Sterling, on the other hand, carried a bid throughout the North American trading session.
Retail sales grew 0.3% in October, which is not great, especially considering that spending increased only 0.1% excluding auto fuel purchases. However investors were relieved that spending did not contract for a second month in a row. Nonetheless, wallets in the U.K. are being pinched by faster inflation and slower wage growth, creating concerns that this year’s shopping season could be exceptionally weak. A number of Bank of England members spoke Thursday and the main takeaway is that they didn’t say anything particularly damaging to sterling. Governor Carney talked mostly about Brexit and how the economy would have done better without the divorce. Broadbent said the central bank was right in raising interest rates this month because inflation is above target and dwindling spare capacity means there’s upside risk. Cunliffe, on the other hand, believes that price pressure remains low and there’s greater risk that it will undershoot expectations than exceed it. Like many BoE officials, he wants to see clear signs of wage growth before tightening again. Despite a busy economic calendar filled with market-moving events, GBP/USD did not break out of its narrow 1.3062-to-1.3230 trading range and that's a sign of the pair’s resilience.
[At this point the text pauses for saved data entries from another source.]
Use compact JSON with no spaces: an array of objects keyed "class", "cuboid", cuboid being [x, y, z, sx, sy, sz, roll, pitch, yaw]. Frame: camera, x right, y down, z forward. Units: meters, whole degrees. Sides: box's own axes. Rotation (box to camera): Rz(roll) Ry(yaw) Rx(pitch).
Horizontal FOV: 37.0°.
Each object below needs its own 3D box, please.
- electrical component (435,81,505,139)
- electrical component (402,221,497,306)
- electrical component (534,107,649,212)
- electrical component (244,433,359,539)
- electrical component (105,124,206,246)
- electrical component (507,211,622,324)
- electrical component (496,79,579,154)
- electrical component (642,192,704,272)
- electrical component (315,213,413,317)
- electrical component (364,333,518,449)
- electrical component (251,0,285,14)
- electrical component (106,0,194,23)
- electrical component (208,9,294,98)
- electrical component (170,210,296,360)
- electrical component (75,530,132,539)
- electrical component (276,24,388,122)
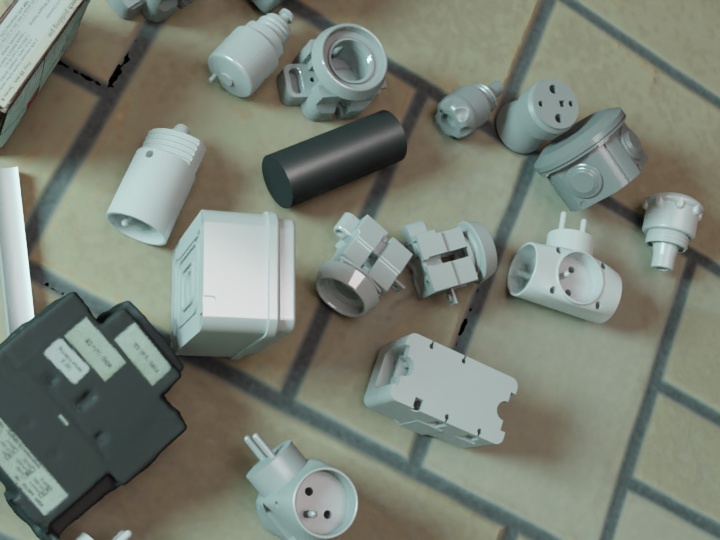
[{"class":"electrical component","cuboid":[0.089,-0.129,0.839,0.061,0.035,0.035,-37,93,-28]},{"class":"electrical component","cuboid":[0.067,-0.009,0.795,0.055,0.048,0.066,-16,84,-18]},{"class":"electrical component","cuboid":[0.182,-0.087,0.844,0.080,0.080,0.051,-41,100,-26]},{"class":"electrical component","cuboid":[-0.046,0.137,0.692,0.043,0.077,0.079,-40,95,-26]},{"class":"electrical component","cuboid":[-0.134,-0.062,0.722,0.043,0.043,0.081,27,68,-15]},{"class":"electrical component","cuboid":[0.161,-0.006,0.834,0.077,0.044,0.079,18,71,-18]},{"class":"electrical component","cuboid":[0.140,-0.121,0.847,0.045,0.055,0.045,6,75,-22]},{"class":"electrical component","cuboid":[0.252,-0.030,0.880,0.048,0.048,0.062,17,78,-18]},{"class":"electrical component","cuboid":[0.000,0.000,0.764,0.066,0.048,0.055,41,58,-9]},{"class":"electrical component","cuboid":[0.055,0.087,0.759,0.089,0.056,0.050,25,69,-16]},{"class":"electrical component","cuboid":[-0.041,-0.291,0.809,0.105,0.060,0.186,45,65,-7]},{"class":"electrical component","cuboid":[-0.138,-0.214,0.751,0.078,0.057,0.058,-41,95,-26]},{"class":"electrical component","cuboid":[-0.075,-0.159,0.773,0.040,0.040,0.078,42,65,-9]},{"class":"electrical component","cuboid":[-0.083,0.012,0.688,0.057,0.113,0.078,4,76,-19]},{"class":"electrical component","cuboid":[-0.166,0.182,0.636,0.077,0.066,0.047,-43,96,-26]},{"class":"electrical component","cuboid":[-0.014,-0.144,0.786,0.078,0.057,0.058,-8,80,-25]}]

Meanwhile, there was very little consistency in the performance of the commodity currencies.
The Canadian dollar traded sharply higher, the Australian dollar was little changed while the New Zealand dollar extended its slide for the sixth day in a row. There’s been no new NAFTA developments so CAD took its cue from Canadian yields, which rose strongly on Thursday. USD/CAD’s yield spread moved in favor of the loonie, explaining Thursday’s move in the currency. The Canadian dollar is in play Friday with consumer prices due for release. While economists are looking for slower CPI growth, the sharp rise in the price component of the IVEY PMI index suggests that the risk is to the downside. Thursday’s reports were better than expected with manufacturing sales rising strongly and international securities transactions shooting higher in September. The Australian dollar found support from stronger labor market data. Although total job growth fell short of expectations, full-time jobs rose strongly driving the unemployment rate down to 5.4%, the lowest level in 4 years. However wage growth stagnated and consumer-inflation expectations declined so the good jobs report won’t take the Reserve Bank of Australia out of its seat. The New Zealand dollar was hit Thursday by AUD/NZD demand as the focus shifted back to the currency Thursday night with the business PMI index and Q3 PPI reports scheduled for release. A strong number is desperately needed to stem the slide in NZD/USD.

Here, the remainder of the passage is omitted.